[[ RECORDS FOR THIS EXERCISE open ]]

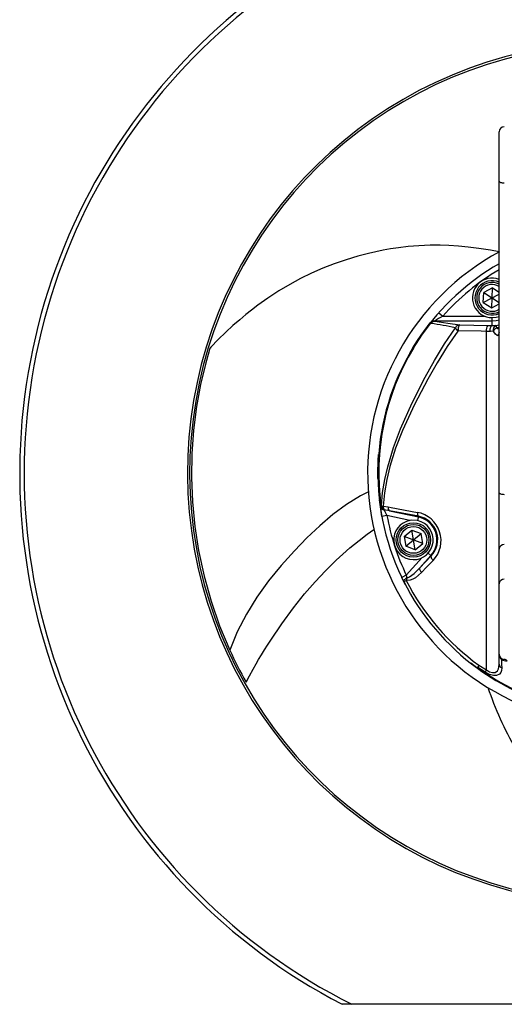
# Model space of a CAD drawing. Extents: x -348 to 349, y -325 to 621.
# Tile 1 of 3: x -348 to -66, y -325 to 248. Entities that reach past the tile are written whole.
import ezdxf

# ---------------------------------------------------------------- set-up
doc = ezdxf.new("R2010")
doc.units = 0
doc.layers.get('0').update_dxf_attribs({"linetype": 'CONTINUOUS'})

msp = doc.modelspace()

# ---------------------------------------------------------------- linework, layer by layer
at = {"color": 7, "linetype": 'CONTINUOUS'}
for p, q in [((-68.81, -127.49), (-68.81, 182.31)), ((-78, 83.11), (-77.72, 88.87)), ((-78, 83.11), (-68.81, 87.83)), ((-72.59, 91.51), (-77.72, 88.87)), ((-77.72, 88.87), (-68.81, 83.13)), ((-73.15, 79.98), (-72.59, 91.51)), ((-72.59, 91.51), (-68.81, 89.08)), ((-78, 83.11), (-73.15, 79.98)), ((-73.15, 79.98), (-68.81, 82.21)), ((-103.88, 77.08), (-101.64, 75.09)), ((-101.64, 75.09), (-77.2, 75.09)), ((-108.37, 70.85), (-108.74, 71.04)), ((-106.51, 72.19), (-106.13, 72.1)), ((-72.87, 72.1), (-106.13, 72.1)), ((-91.75, 69.98), (-75.45, 69.72)), ((-75.45, 69.72), (-72.87, 69.66)), ((-72.87, 69.66), (-72.87, 74.25)), ((-70.74, 69.71), (-70.74, 69.71)), ((-74.2, 66.23), (-76.2, 66.24)), ((-76.2, -130.73), (-76.2, 66.24)), ((-72.26, 66.38), (-72.26, 66.38)), ((-68.81, 63.81), (-69.31, 63.61)), ((-139.27, -19.41), (-139.31, -16.19)), ((-137.37, -35.34), (-137.34, -35.34)), ((-136.29, -35.54), (-133.34, -35.89)), ((-135.59, -37.71), (-135.62, -37.71)), ((-132.6, -38.21), (-135.59, -37.71)), ((-115.72, -41.4), (-132.6, -38.21)), ((-132.6, -38.21), (-115.8, -41.78)), ((-134.06, -40.96), (-137.01, -41.5)), ((-120.66, -43.81), (-134.06, -40.96)), ((-115.72, -41.4), (-116.25, -43.88)), ((-124.04, -53.08), (-119.56, -49.43)), ((-123.11, -58.78), (-114.17, -51.48)), ((-119.56, -49.43), (-114.17, -51.48)), ((-117.72, -60.83), (-119.56, -49.43)), ((-113.24, -57.18), (-114.17, -51.48)), ((-124.04, -53.08), (-123.11, -58.78)), ((-113.24, -57.18), (-124.04, -53.08)), ((-117.72, -60.83), (-113.24, -57.18)), ((-117.72, -60.83), (-123.11, -58.78)), ((-108.32, -64.42), (-110.09, -62.82)), ((-122.79, -75.65), (-113.62, -65.47)), ((-108.5, -64.26), (-114.98, -71.46)), ((-114.98, -71.46), (-108.32, -64.42)), ((-122.79, -75.65), (-125.49, -76.95)), ((-76.89, -132.17), (-81.23, -129.47)), ((-80.53, -128.09), (-76.2, -130.73)), ((-48.81, -325.47), (-160.19, -325.47))]:
    msp.add_line(p, q, dxfattribs=at)
at = {"color": 8, "linetype": 'CONTINUOUS'}
for p, q in [((-70.74, 69.71), (-68.81, 70.15)), ((-68.81, 68.45), (-70.21, 68.29))]:
    msp.add_line(p, q, dxfattribs=at)
at = {"color": 7, "linetype": 'CONTINUOUS', "flags": 128}
for points in [[(-68.81, 153.64), (-68.75, 153.47), (-68.58, 153.3), (-68.3, 153.14), (-67.93, 153), (-67.47, 152.89), (-66.96, 152.8), (-66.39, 152.75), (-65.81, 152.74)], [(-68.81, 112.5), (-73.76, 113.44), (-80.66, 114.53), (-86.87, 115.31), (-92.52, 115.85), (-98, 116.19), (-103.05, 116.35), (-108.92, 116.35), (-115.54, 116.08), (-121.76, 115.57), (-127.31, 114.91), (-132.03, 114.2), (-136.3, 113.44), (-140.47, 112.58), (-144.74, 111.6), (-150.96, 109.98), (-157.82, 107.91), (-164.73, 105.53), (-171.35, 102.95), (-177.85, 100.11), (-184.25, 96.99), (-190.62, 93.56), (-196.97, 89.77), (-203.32, 85.61), (-209.09, 81.5), (-212.9, 78.6), (-216.17, 75.99), (-219.7, 73.05), (-223.64, 69.61), (-227.85, 65.74), (-232.22, 61.48), (-236.4, 57.13), (-236.94, 56.55)], [(-106.32, 74.26), (-105.93, 74.72), (-103.88, 77.08)], [(-72.87, 74.25), (-70.62, 74.47), (-68.81, 74.99)], [(-118.92, 56.7), (-114.13, 64.07), (-108.86, 71.15)], [(-108.74, 71.04), (-113.94, 63.97), (-118.72, 56.56)], [(-106.13, 72.1), (-98.58, 71.04), (-91.75, 69.98)], [(-91.75, 69.98), (-91.95, 69.88), (-92.14, 69.65), (-92.31, 69.31), (-92.45, 68.86), (-92.57, 68.33), (-92.64, 67.74), (-92.67, 67.13), (-92.67, 66.51)], [(-72.87, 69.66), (-73.15, 69.57), (-73.43, 69.35), (-73.68, 69.01), (-73.89, 68.57), (-74.05, 68.04), (-74.16, 67.46), (-74.21, 66.85), (-74.2, 66.23)], [(-72.87, 69.66), (-72.46, 69.66), (-70.74, 69.71)], [(-137.27, -35.27), (-136.56, -27.56), (-135.32, -19.97), (-133.62, -12.54), (-130.24, -1.33), (-126.13, 9.58), (-119.34, 24.72), (-111.75, 39.51), (-106.32, 49.34), (-100.54, 59.01), (-94.27, 68.4)], [(-92.77, 66.46), (-99.01, 57.35), (-104.78, 47.96), (-110.21, 38.4), (-117.97, 23.71), (-124.94, 8.64), (-128.99, -1.77), (-132.36, -12.48), (-134.18, -20), (-135.52, -27.7), (-136.29, -35.54)], [(-76.2, 66.24), (-79.19, 66.28), (-92.67, 66.51)], [(-72.26, 66.38), (-73.83, 66.24), (-74.2, 66.23)], [(-69.31, 63.61), (-69.81, 63.75), (-69.96, 63.85), (-70.83, 64.62), (-71.98, 65.99), (-72.26, 66.38)], [(-120.78, 53.55), (-118.37, 57.6), (-115.53, 62.01)], [(-236.94, 56.55), (-236.94, 56.56), (-236.96, 56.51), (-236.99, 56.42), (-237.04, 56.23), (-237.17, 55.81), (-237.64, 54.23), (-239.41, 47.92), (-242.44, 35.24), (-243.7, 28.86), (-244.79, 22.49), (-246.55, 8.83), (-247.55, -4.94), (-247.79, -18.76), (-247.23, -33.02), (-245.86, -47.25), (-243.68, -61.34), (-240.46, -76.23), (-236.38, -90.76), (-231.36, -105.19), (-225.43, -119.35)], [(-139.31, -16.19), (-139.13, -9.13), (-138.9, -5.51)], [(-144.71, -27.24), (-149.39, -29.54), (-157.51, -34.44), (-165.45, -40.28), (-173.17, -46.87), (-180.62, -54), (-187.78, -61.44), (-195.54, -70.09), (-202.88, -79.05), (-209.65, -88.44), (-215.77, -98.35), (-221.13, -108.65), (-225.43, -119.35)], [(-68.81, -27.71), (-68.75, -27.89), (-68.58, -28.06), (-68.3, -28.21), (-67.93, -28.35), (-67.47, -28.46), (-66.96, -28.55), (-66.39, -28.6), (-65.81, -28.62)], [(-137.01, -41.5), (-137.71, -37.3), (-138.43, -31.82)], [(-137.42, -35.34), (-137.41, -35.34), (-137.37, -35.34)], [(-133.34, -35.89), (-131.54, -36.23), (-116.29, -39.1)], [(-116.25, -43.88), (-120.06, -43.71), (-120.66, -43.81)], [(-215.98, -137.93), (-214.07, -134.27), (-211.94, -130.38), (-210.19, -127.28), (-208.67, -124.67), (-207.07, -121.98), (-205.37, -119.21), (-203.58, -116.36), (-201.69, -113.44), (-195.29, -104.08), (-188.37, -94.7), (-181.94, -86.61), (-175.79, -79.46), (-169.83, -73.09), (-163.56, -66.92), (-159.76, -63.43), (-155.61, -59.82), (-150.28, -55.45), (-145.65, -51.89), (-141.75, -49.05), (-141.56, -48.92)], [(-107.19, -67.08), (-110.96, -71.02), (-113.92, -74.12)], [(-108.32, -64.42), (-108.41, -64.63), (-108.44, -64.89), (-108.39, -65.2), (-108.27, -65.54), (-108.08, -65.92), (-107.83, -66.31), (-107.53, -66.7), (-107.19, -67.08)], [(-113.92, -74.12), (-117.5, -77.17), (-118.97, -78.01), (-120.55, -78.61), (-122.25, -78.8), (-122.86, -78.71)], [(-122.53, -77.22), (-122.11, -77.15), (-120.85, -76.58), (-118.31, -74.71), (-116.41, -72.94), (-114.98, -71.46)], [(-114.98, -71.46), (-115.07, -71.67), (-115.1, -71.93), (-115.06, -72.24), (-114.95, -72.59), (-114.77, -72.96), (-114.54, -73.35), (-114.25, -73.74), (-113.92, -74.12)], [(-124.28, -79.41), (-124.48, -79.02), (-125.49, -76.95)], [(-123.34, -81.23), (-125.17, -77.61), (-125.49, -76.95)], [(-122.53, -77.22), (-122.97, -77.5), (-123.36, -77.79), (-123.7, -78.1), (-123.98, -78.4), (-124.18, -78.69), (-124.3, -78.96), (-124.33, -79.2), (-124.28, -79.41)], [(-122.79, -75.65), (-122.57, -76.98), (-122.53, -77.22)], [(-67.4, -124.23), (-67.38, -124.25), (-67.36, -124.28), (-67.35, -124.33), (-67.35, -124.38), (-67.35, -124.44), (-67.36, -124.52), (-67.38, -124.6), (-67.4, -124.69)], [(-67.4, -124.69), (-67.35, -127.66), (-67.31, -129.66)], [(-78.3, -132.04), (-79.96, -130.89), (-85.35, -126.88)], [(-67.31, -129.66), (-67.42, -131.14), (-67.82, -132.29), (-68.55, -133.22), (-70.25, -134), (-72.08, -134.02), (-74.44, -133.39), (-76.89, -132.17)], [(-76.2, -130.73), (-74.34, -131.86), (-72.75, -132.35), (-72.54, -132.38), (-71.14, -132.25), (-69.82, -131.32), (-69.24, -130.28), (-68.92, -129.05), (-68.81, -127.49)]]:
    msp.add_lwpolyline(points, dxfattribs=at)
at = {"color": 8, "linetype": 'CONTINUOUS', "flags": 128}
msp.add_lwpolyline([(-68.81, 72.71), (-70.5, 72.3), (-72.87, 72.1)], dxfattribs=at)
at = {"color": 7, "linetype": 'CONTINUOUS'}
for radius in [10, 9, 7.8]:
    msp.add_circle((-118.64, -55.13), radius, dxfattribs=at)
for centre, radius, start, end in [((1.19, -16.19), 348.85, 98.24052, 242.44406), ((1.19, -16.19), 346.25, 98.30279, 243.27967), ((1.19, -16.19), 251.25, 102.87857, 257.59718), ((1.19, -16.19), 250, 102.94408, 257.58516), ((-65.81, 182.31), 3, 90, 180), ((1.19, -16.19), 146.5, 118.48352, 248.57512), ((1.19, -16.19), 140.5, 119.88235, 145.48856), ((1.19, -16.19), 137.5, 120.60329, 138.4038), ((-72.87, 85.75), 11.5, 69.3214, 270), ((-72.87, 85.75), 10, 66.04029, 293.95971), ((-72.87, 85.75), 9, 63.17829, 296.82171), ((-72.87, 85.75), 7.8, 58.62524, 301.37476), ((-45.48, -24.74), 114.55, 119.35589, 122.1952), ((-106.68, 69.39), 2.8, 86.58201, 141.13293), ((-107.76, 72.3), 1.6, 226.312, 232.21706), ((-106.31, 69.07), 3.12, 93.64431, 140.88414), ((-106.04, 69.3), 2.8, 91.98478, 146.45368), ((-154.47, -235.97), 310.26, 78.81241, 81.4543), ((-91.68, 67.06), 2.92, 91.37771, 152.78175), ((-71.81, 67.11), 4.48, 144.32785, 191.18402), ((-69.6, 67.18), 2.78, 114.27247, 196.70456), ((-69.53, 67.14), 2.83, 115.19418, 195.56884), ((-75.98, 66.97), 5.92, 12.87477, 27.59796), ((-90.65, 69.65), 3.84, 199.1305, 236.39837), ((-92.67, 66.38), 0.128, 87.40719, 142.07083), ((-66.58, 62.32), 6.99, 121.33015, 144.40784), ((1.19, -16.19), 140.5, 148.75, 205.62266), ((2.14, -15.89), 140.9, 149.0587, 187.93452), ((-117.24, 59.04), 2.89, 234.40939, 239.31121), ((-137.77, -34.3), 1.1, 258.26162, 288.69565), ((-135.36, -35), 2.66, 187.95398, 226.18413), ((-135.21, -35.84), 2.26, 167.12643, 208.57719), ((-134.24, -34.87), 3.16, 188.65134, 244.24945), ((-137.35, -35.26), 0.0781, 277.29753, 354.18655), ((-134.23, -34.88), 3.14, 188.34784, 244.35672), ((-135.36, -30.24), 5.38, 249.19348, 260.00977), ((-135.14, -34.8), 2.96, 225.97091, 260.79878), ((-132.59, -35.54), 3.7, 179.93247, 215.94258), ((-84.41, -15.1), 55.98, 203.82317, 207.50765), ((-131.11, -36.46), 2.3, 165.78296, 229.68309), ((-114, -39.75), 2.38, 164.08712, 223.61833), ((-119.32, -55.55), 16.73, 316.44665, 79.57235), ((1.19, -16.19), 137.5, 190.37734, 205.62266), ((-118.64, -55.13), 11.5, 100.12611, 78), ((-118.64, -55.13), 13.65, 318, 78), ((-118.27, -54.92), 13.76, 316.3153, 79.32518), ((-65.99, -60.66), 2.82, 86.1913, 175.60147), ((-146.18, -33.03), 51.29, 295.28148, 297.05317), ((1.22, -16.17), 140.53, 206.74203, 233.95844), ((-115.04, -79.68), 7.88, 161.85472, 172.92199), ((0.22, -16.04), 138.12, 206.98317, 234.22189), ((-65.99, -80.85), 2.82, 86.1913, 175.60147), ((1.12, -16.23), 248.92, 204.47375, 209.26187), ((-65.81, -121.69), 3, 180, 270), ((-65.03, -121.75), 3.78, 179.10627, 231.03726), ((-64.26, -119.6), 5.98, 238.32004, 270.34975), ((-65.89, -126.68), 2, 33.60174, 87.70361), ((-76.82, -131.24), 4.87, 139.65362, 162.78995), ((-73.11, -135.44), 10.08, 143.68042, 145.98204), ((1.22, -16.13), 140.56, 233.96628, 254.998), ((-70.53, -134.08), 11.66, 149.07503, 156.7), ((1.9, -16.16), 140.53, 233.73195, 254.72421), ((-65.82, -136.57), 11.91, 150.63926, 158.34125), ((-66.34, -127.39), 2.47, 182.37416, 246.94952), ((98.16, -84.09), 182.57, 198.15943, 210.4729)]:
    msp.add_arc(centre, radius, start, end, dxfattribs=at)
at = {"color": 8, "linetype": 'CONTINUOUS'}
for centre, radius, start, end in [((-62.43, 82.13), 15.89, 240.65531, 246.31867), ((-66.21, 63.81), 3.11, 146.62996, 183.7326)]:
    msp.add_arc(centre, radius, start, end, dxfattribs=at)

doc.saveas('drawing.dxf')

[[ RECORDS FOR THIS EXERCISE closed ]]

** EXERCISE DIRECTIONS **
Report each line in the entries where the string "CONTINUOUS" occurs.

** FINISHED EXERCISE **
doc.layers.get('0').update_dxf_attribs({"linetype": 'CONTINUOUS'})
at = {"color": 7, "linetype": 'CONTINUOUS'}
at = {"color": 8, "linetype": 'CONTINUOUS'}
at = {"color": 7, "linetype": 'CONTINUOUS', "flags": 128}
at = {"color": 8, "linetype": 'CONTINUOUS', "flags": 128}
at = {"color": 7, "linetype": 'CONTINUOUS'}
at = {"color": 8, "linetype": 'CONTINUOUS'}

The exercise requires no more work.